- **Exercise details**: The lines needed are those below that contain the word "adres"; copy each one.

- **Dataset records**:

════════

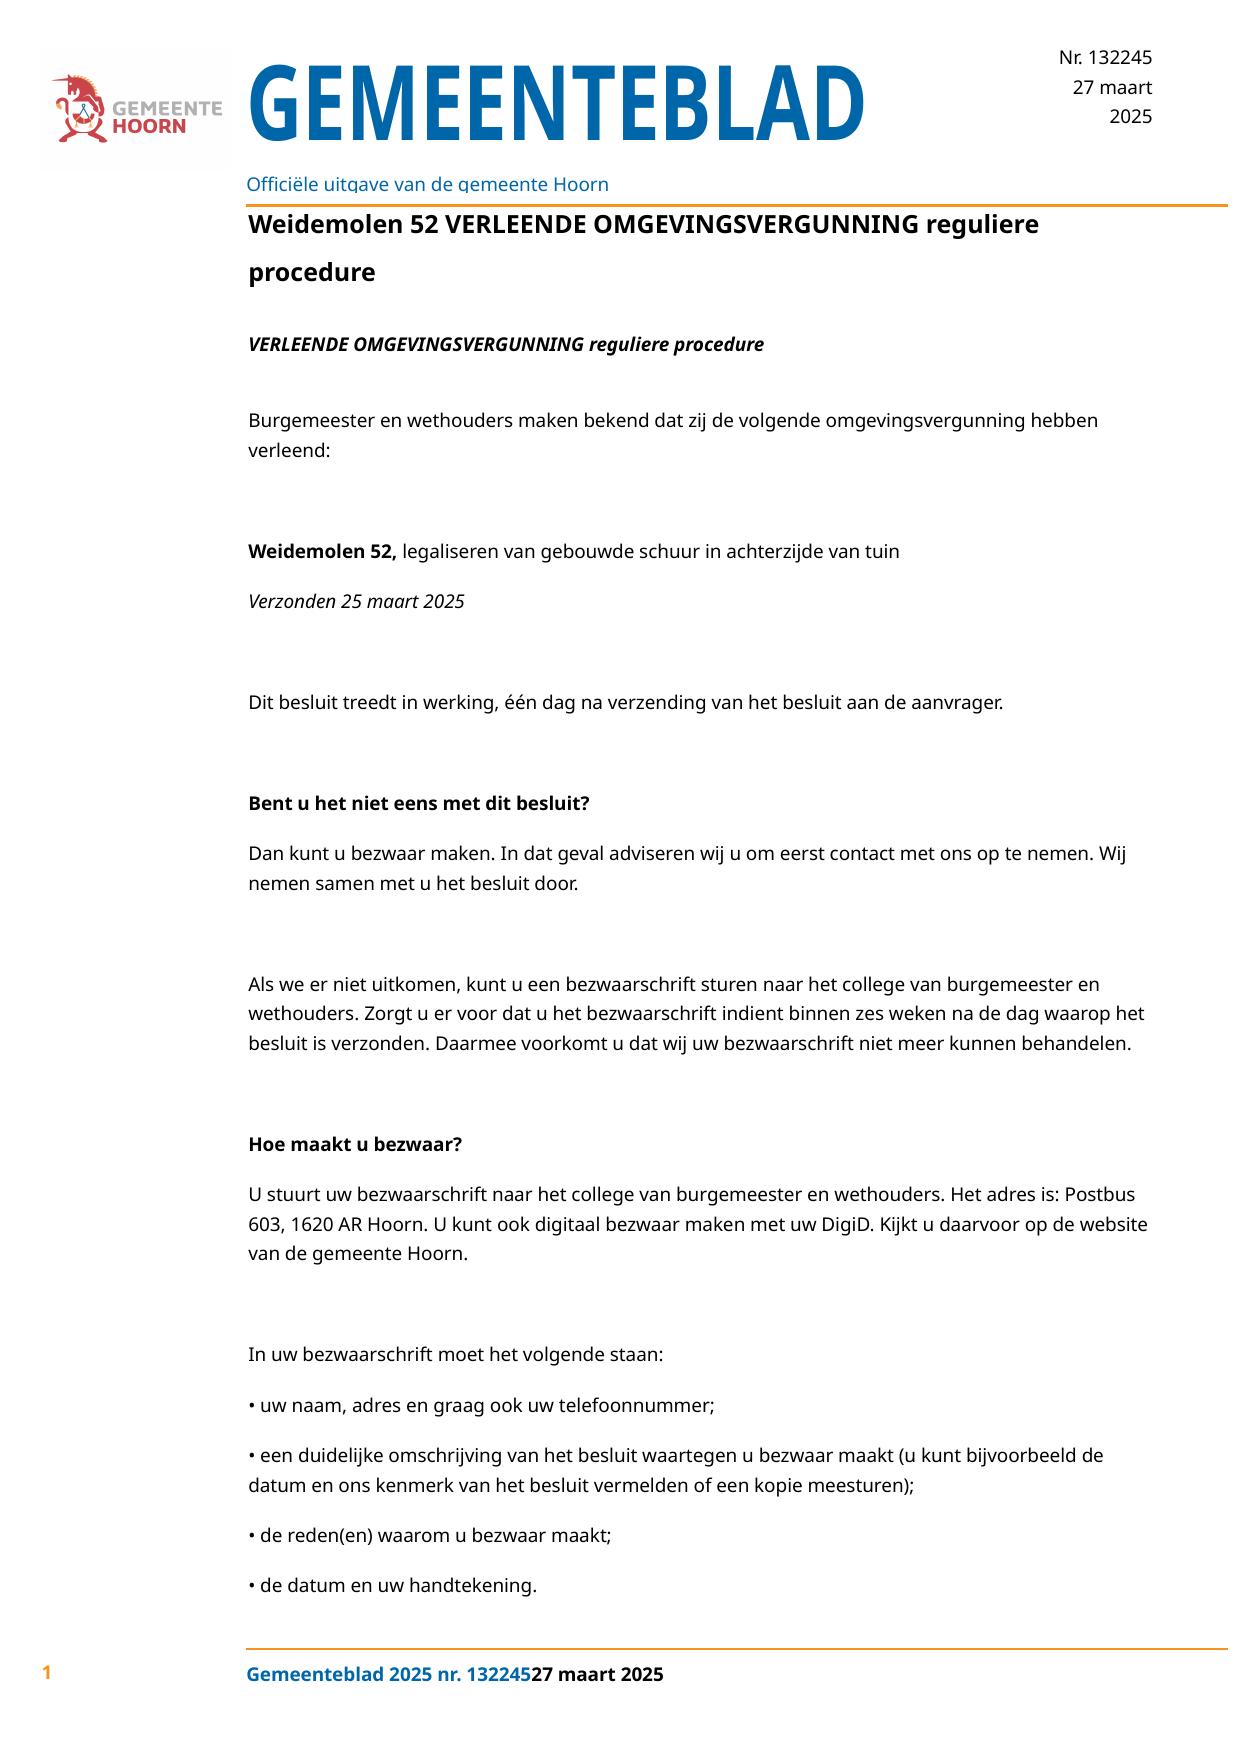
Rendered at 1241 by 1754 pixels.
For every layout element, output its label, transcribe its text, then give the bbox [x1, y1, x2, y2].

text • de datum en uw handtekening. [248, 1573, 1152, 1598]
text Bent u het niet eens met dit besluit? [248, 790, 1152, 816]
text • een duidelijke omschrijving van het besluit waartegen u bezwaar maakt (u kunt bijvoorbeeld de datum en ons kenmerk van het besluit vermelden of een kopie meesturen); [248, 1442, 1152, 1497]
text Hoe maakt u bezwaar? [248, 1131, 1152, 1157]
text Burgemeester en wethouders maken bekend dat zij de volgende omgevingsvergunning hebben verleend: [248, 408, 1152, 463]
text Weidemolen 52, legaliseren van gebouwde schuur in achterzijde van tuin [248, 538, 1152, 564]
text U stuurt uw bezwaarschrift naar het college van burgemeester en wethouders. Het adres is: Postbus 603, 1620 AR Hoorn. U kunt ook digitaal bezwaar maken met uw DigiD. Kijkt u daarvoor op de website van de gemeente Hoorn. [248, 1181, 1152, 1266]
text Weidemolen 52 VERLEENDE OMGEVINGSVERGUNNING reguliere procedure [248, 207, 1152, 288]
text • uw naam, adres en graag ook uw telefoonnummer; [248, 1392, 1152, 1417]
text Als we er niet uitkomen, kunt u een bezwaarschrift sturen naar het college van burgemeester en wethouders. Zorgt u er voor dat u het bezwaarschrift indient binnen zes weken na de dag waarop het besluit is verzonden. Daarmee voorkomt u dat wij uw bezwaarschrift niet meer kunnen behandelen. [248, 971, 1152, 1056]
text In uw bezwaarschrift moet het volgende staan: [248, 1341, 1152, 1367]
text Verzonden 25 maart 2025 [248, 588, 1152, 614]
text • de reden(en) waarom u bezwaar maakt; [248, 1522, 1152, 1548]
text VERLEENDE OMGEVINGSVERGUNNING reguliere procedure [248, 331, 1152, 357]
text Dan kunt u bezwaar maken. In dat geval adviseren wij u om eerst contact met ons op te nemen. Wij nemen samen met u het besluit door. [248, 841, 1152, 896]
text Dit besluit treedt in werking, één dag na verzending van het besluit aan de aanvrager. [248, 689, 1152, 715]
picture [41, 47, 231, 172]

════════

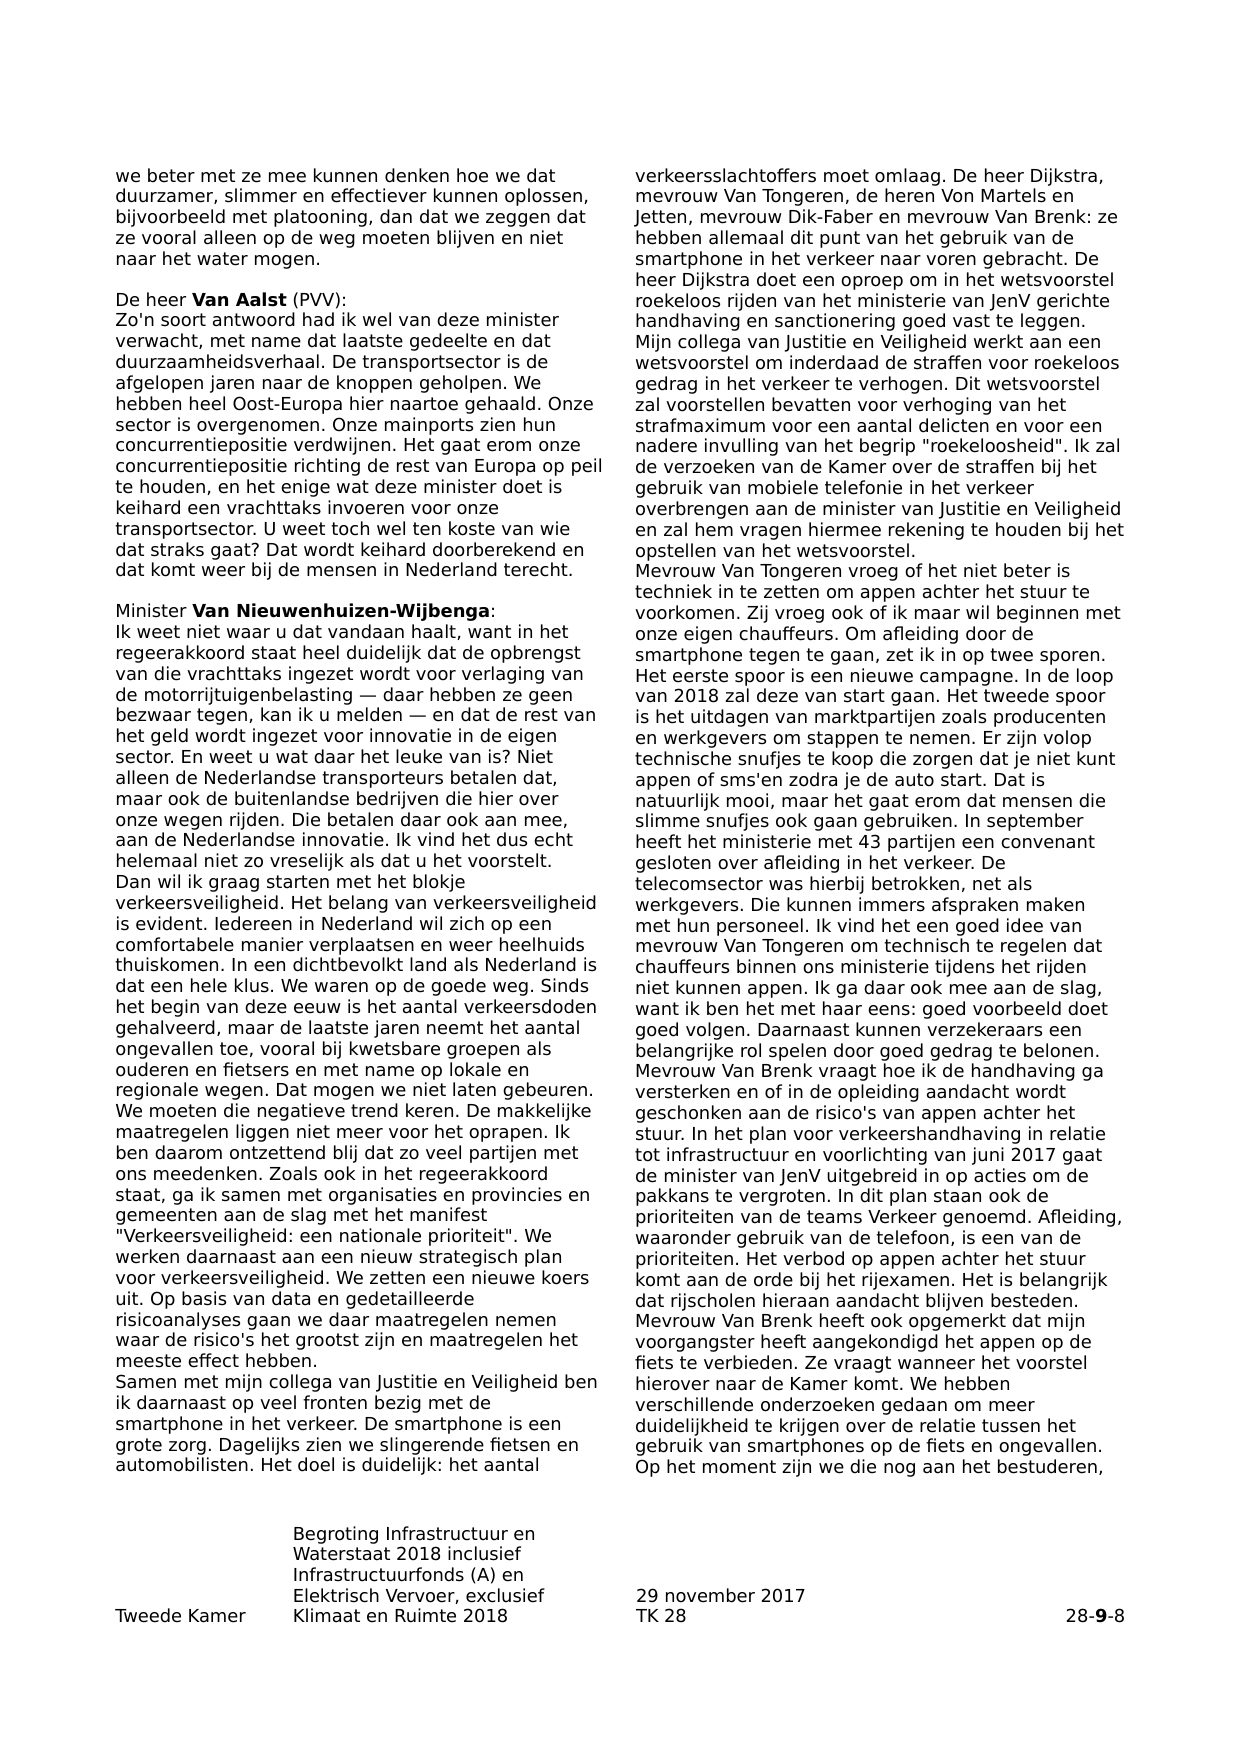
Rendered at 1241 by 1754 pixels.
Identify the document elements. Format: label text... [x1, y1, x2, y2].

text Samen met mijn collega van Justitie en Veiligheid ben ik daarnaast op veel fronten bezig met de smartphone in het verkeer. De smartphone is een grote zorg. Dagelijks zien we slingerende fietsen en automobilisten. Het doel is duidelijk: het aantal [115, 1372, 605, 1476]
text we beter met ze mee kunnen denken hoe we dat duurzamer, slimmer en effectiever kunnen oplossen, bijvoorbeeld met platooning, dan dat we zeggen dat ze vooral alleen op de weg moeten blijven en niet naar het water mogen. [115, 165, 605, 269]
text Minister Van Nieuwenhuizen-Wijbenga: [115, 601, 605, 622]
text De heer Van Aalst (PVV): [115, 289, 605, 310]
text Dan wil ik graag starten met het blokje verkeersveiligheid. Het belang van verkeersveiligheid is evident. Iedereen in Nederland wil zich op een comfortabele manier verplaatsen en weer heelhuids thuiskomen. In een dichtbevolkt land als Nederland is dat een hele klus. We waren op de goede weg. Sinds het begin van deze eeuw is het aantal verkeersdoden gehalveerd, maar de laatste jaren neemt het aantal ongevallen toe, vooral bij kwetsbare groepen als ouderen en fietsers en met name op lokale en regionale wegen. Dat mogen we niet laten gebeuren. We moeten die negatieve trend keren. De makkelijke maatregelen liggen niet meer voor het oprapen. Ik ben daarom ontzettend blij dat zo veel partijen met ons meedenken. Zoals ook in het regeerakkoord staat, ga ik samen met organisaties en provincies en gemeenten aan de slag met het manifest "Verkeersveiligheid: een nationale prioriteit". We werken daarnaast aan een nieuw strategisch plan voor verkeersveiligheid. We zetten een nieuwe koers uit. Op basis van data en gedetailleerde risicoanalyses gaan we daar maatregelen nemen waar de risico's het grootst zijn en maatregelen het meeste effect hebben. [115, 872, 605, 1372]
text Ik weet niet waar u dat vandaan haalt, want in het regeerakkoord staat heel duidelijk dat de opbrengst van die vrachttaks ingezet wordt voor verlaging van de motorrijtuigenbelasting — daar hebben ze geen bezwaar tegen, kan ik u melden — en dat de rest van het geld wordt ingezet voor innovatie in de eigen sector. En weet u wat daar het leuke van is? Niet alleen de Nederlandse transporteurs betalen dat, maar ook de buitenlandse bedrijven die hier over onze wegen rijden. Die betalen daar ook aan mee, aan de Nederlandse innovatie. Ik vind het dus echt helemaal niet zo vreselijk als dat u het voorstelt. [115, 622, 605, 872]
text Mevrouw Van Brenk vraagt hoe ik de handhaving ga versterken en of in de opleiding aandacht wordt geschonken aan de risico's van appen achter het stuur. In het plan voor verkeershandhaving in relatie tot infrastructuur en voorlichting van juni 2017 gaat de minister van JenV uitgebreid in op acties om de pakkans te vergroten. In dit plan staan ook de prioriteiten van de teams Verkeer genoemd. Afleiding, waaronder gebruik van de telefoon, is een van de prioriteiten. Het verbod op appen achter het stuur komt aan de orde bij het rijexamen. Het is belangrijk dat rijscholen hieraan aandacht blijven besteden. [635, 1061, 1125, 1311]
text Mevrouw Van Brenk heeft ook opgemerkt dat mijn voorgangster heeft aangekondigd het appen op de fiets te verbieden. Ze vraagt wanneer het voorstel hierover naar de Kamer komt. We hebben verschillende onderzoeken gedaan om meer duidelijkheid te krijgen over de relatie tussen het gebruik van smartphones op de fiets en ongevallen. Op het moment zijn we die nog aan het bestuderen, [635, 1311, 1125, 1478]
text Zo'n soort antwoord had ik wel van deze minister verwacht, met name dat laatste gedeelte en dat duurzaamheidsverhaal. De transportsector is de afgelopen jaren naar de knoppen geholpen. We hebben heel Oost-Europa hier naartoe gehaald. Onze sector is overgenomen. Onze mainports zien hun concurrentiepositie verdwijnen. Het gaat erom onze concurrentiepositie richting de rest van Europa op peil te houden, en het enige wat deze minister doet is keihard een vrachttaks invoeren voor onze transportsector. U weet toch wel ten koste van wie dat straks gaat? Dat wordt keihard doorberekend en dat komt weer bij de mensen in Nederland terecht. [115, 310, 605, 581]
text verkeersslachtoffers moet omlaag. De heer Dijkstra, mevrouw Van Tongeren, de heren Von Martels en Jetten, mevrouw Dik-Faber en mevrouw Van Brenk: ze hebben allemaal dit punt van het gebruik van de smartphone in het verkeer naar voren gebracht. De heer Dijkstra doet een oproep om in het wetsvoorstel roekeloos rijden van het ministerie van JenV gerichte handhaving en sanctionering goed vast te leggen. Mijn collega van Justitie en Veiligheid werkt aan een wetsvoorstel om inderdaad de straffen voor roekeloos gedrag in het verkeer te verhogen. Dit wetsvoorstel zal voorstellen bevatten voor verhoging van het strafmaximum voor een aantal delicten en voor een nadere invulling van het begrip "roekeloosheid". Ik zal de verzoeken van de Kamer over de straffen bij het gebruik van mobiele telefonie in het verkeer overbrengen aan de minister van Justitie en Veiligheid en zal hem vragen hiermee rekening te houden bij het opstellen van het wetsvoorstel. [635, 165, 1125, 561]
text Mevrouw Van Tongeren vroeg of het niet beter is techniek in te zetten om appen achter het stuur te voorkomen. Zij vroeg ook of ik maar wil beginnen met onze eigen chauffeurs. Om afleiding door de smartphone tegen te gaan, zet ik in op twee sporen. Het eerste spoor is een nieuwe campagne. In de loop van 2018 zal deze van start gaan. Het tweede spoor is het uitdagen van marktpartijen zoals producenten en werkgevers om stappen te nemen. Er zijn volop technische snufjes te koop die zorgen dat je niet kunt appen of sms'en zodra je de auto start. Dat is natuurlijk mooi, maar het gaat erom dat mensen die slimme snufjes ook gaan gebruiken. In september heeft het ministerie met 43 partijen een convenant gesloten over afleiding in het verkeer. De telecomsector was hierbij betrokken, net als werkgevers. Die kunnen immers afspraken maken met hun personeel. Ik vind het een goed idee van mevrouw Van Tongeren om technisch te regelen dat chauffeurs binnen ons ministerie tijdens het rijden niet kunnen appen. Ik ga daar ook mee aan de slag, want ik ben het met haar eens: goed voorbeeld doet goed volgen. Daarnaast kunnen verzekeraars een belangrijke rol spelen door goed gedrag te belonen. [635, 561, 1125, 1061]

════════

- **Finished task**:
text U stuurt uw bezwaarschrift naar het college van burgemeester en wethouders. Het adres is: Postbus 603, 1620 AR Hoorn. U kunt ook digitaal bezwaar maken met uw DigiD. Kijkt u daarvoor op de website van de gemeente Hoorn. [248, 1181, 1152, 1266]
text • uw naam, adres en graag ook uw telefoonnummer; [248, 1392, 1152, 1417]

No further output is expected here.